19歳で出産し3児の親に。「言いたいことを絶対に我慢しない」夫婦だから10年やってこれた

「子どもたちや好きなアニメの話題を通じて、夫と同じ時間を共有する。そんな瞬間に“一緒にいてよかった”と思うんです」。こう話すのは、西村創一朗さんの横に座る妻の華織さん。

奥様の言葉を聞いて、照れくさそうな表情を浮かべる西村さん。おふたりのやりとりから仲の良さが伝わり、取材現場には和やかな雰囲気が漂いました。

西村さんはリクルート在職中に、「二兎を追って二兎を得られる世の中をつくる」をビジョンに掲げ、人材採用コンサル業を起業。

2016年に退職し、現在は経営者と並行して週に数日は会社員としても働いています。家庭では10歳、6歳、2歳の3人のお子さんのパパであり、子育てと仕事に奔走する日々を送ります。

■仲良くなったきっかけは、席が隣になったこと

ふたりのラブストーリーの始まりは、高校2年の春までさかのぼります。同じクラスで席が隣になったのがきっかけでした。

クラス替え以前からお互いのことを意識していたのかを質問すると、「他のクラスに可愛い女の子がいるなくらいの認識でした」と西村さん。「自転車で転んで指を骨折して包帯ぐるぐる巻きになっていたり、顔を擦りむいたりする姿を見て、おっちょこちょいな人なのかなと思いましたね」と続けます。

華織さんは、「夫は頭が良くて成績もトップクラス。あと学年内では『見た目が可愛い』と言われていたので、どんな人かは知っていました」と振り返ります。

やがて少しずつ会話をするようになり、1日に何十通もメールのやりとりをする仲に発展。

「男子と頻繁にメール交換をした経験がなかったので、西村くんは私に気があるんじゃないかと思いました。私の勘違いだったのかもしれませんが……(笑)」と華織さんが話すと、西村さんはすかさず「いや、気になってたよ!」とツッコミを入れます。

告白は西村さんからかと思いきや、実は華織さんから。

「そのころ、私の女友達にも好きな男子がいて、じゃあお互い電話で伝えてみよう! という話になったんです。そこで、思い切って彼に電話をして気持ちを伝えました」(華織さん)


こうしてふたりは恋人同士となり、交際がスタートします。

■大学1年で妊娠。出産、子育てを通じて、夫婦の絆が深まった

順調に交際を続けていた大学1年生のとき、華織さんの生理が止まります。「もしかして……」。
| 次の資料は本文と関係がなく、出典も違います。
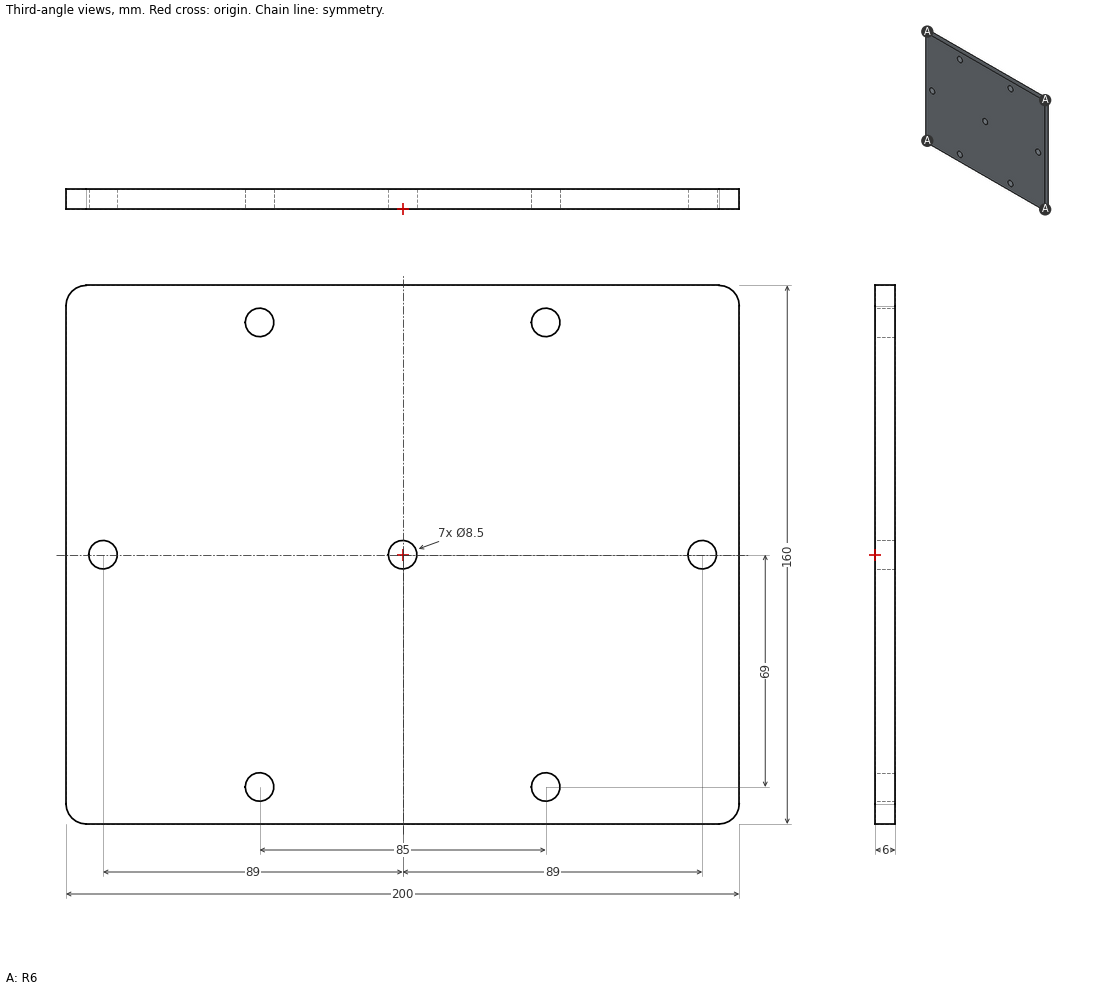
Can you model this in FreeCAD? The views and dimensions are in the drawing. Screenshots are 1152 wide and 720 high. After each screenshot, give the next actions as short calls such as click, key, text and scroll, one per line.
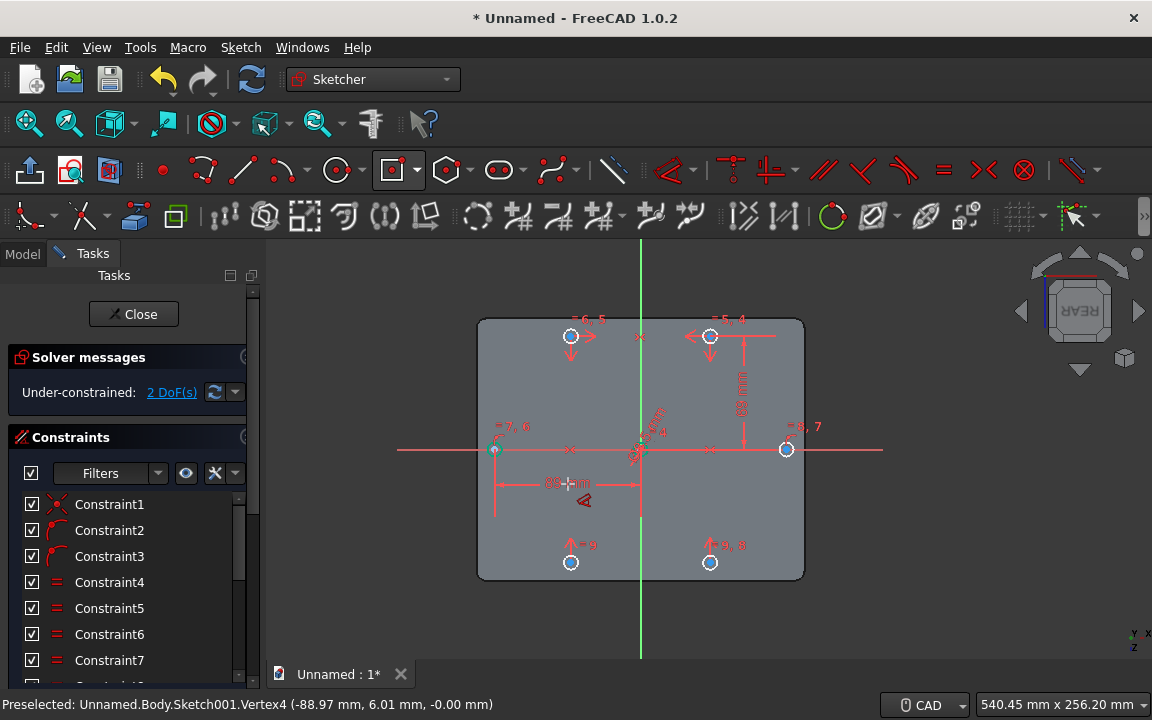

ドキドキしながら妊娠検査薬を購入し、試してみるとお腹に命が宿っていることがわかりました。

このとき華織さんが真っ先に思い浮かべたのは、両親でした。「親からは妊娠には気をつけろとずっと言われていただけに、どう顔向けすればいいのかと悩みました。でも、私には産むという選択肢しかありませんでした」と出産しようと決意。

西村さんは当時の心境をこのように語ります。

「妻から妊娠を知らされたとき、戸惑いはありました。当時はまだ学生で、どうすればいいのかわからなかった。でも愛する彼女との間にできた子どもです。僕は彼女に『産んでほしいと思ってる』と伝え、どんなことをしても養っていくと決めました」

家族で話し合った結果、西村さんは華織さんの実家に同居して大学に通学し、華織さんは子育てのため大学を退学して出産と育児に専念することになります。
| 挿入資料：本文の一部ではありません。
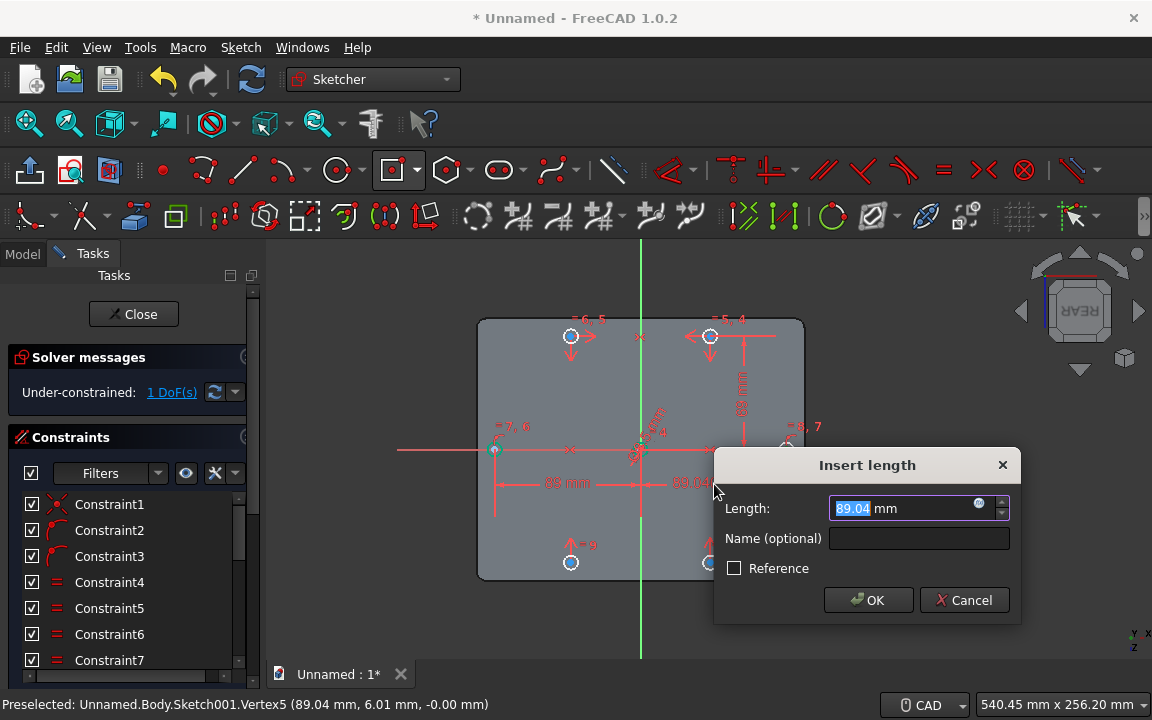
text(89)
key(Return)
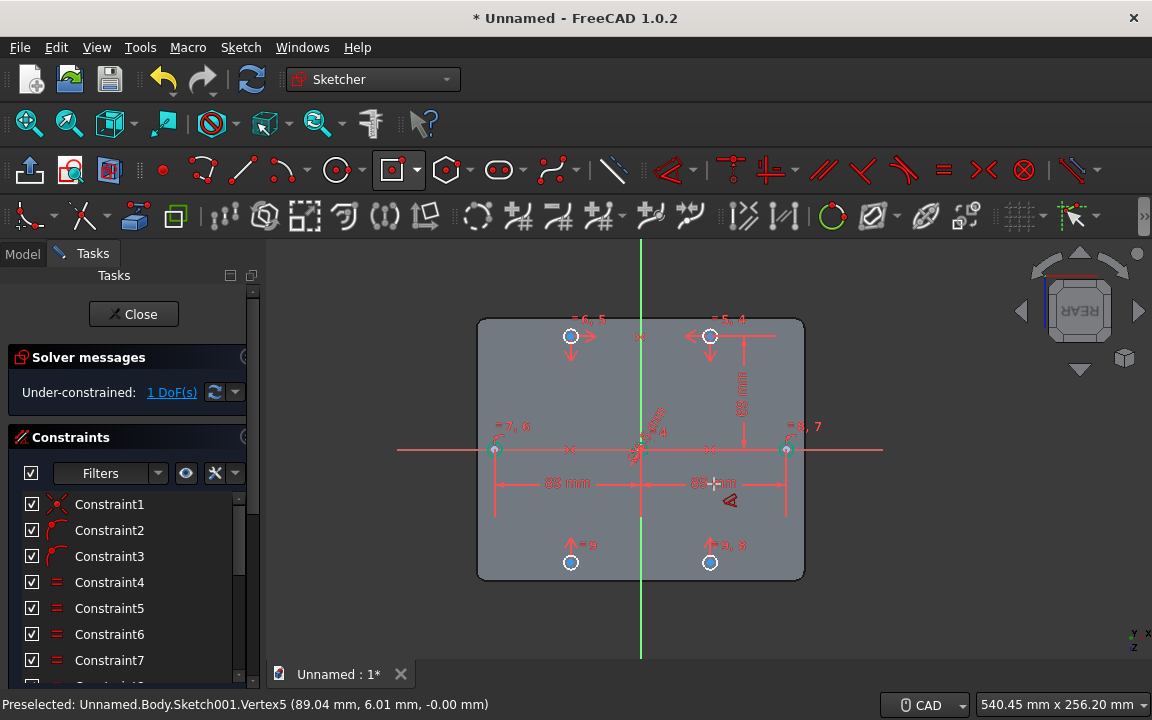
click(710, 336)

この段階でふたりは結婚し、翌年に華織さんは男の子を出産。恋人から夫婦、そしてパパとママへと、人生が目まぐるしく変化します。

「生活については、ふたりで働けばどうにかなる、と思っていました。今考えると、世間知らずだったのかもしれませんね」と華織さん。
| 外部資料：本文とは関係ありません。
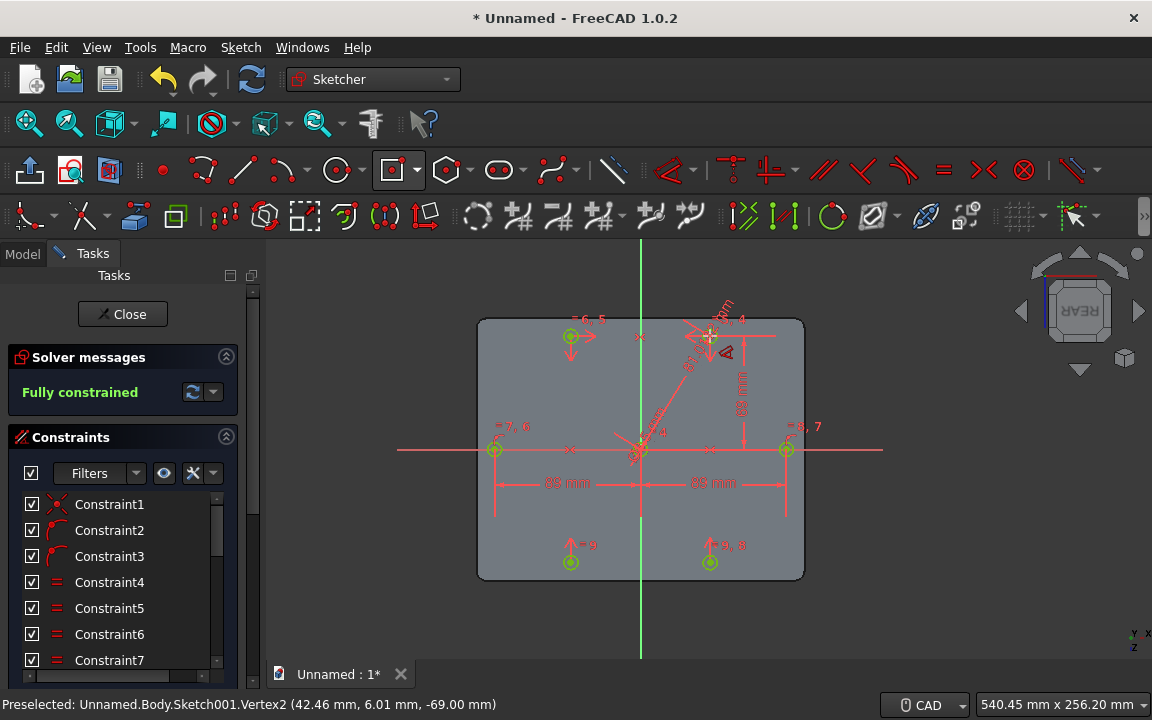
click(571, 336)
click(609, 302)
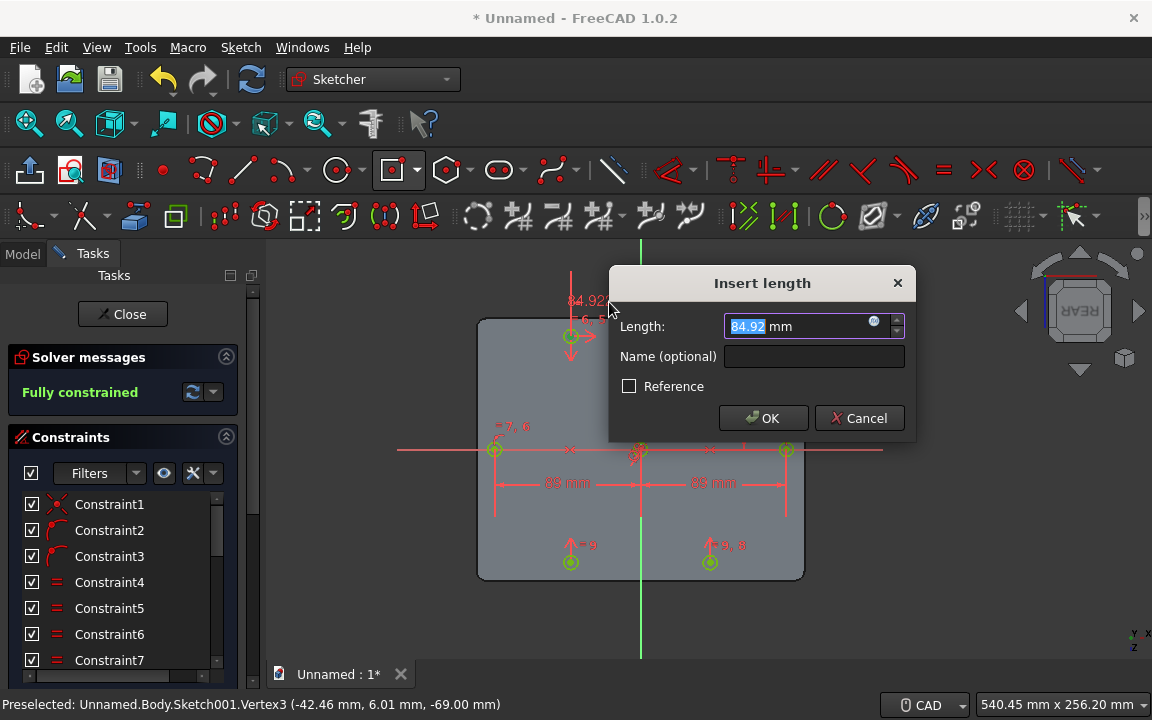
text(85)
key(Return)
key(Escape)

西村さんは学業に励みながらもバイトをいくつもかけもちし、家計を懸命に支えます。19歳での結婚と子育てという決断を通じて、夫婦の絆は深まっていったのです。

■不満はとことん話し合い、言いたいことは我慢しない

どんなに仲が良くても、夫婦は「最も近くにいる他人」。価値観や考え方の違いでぶつかるのは自然なことです。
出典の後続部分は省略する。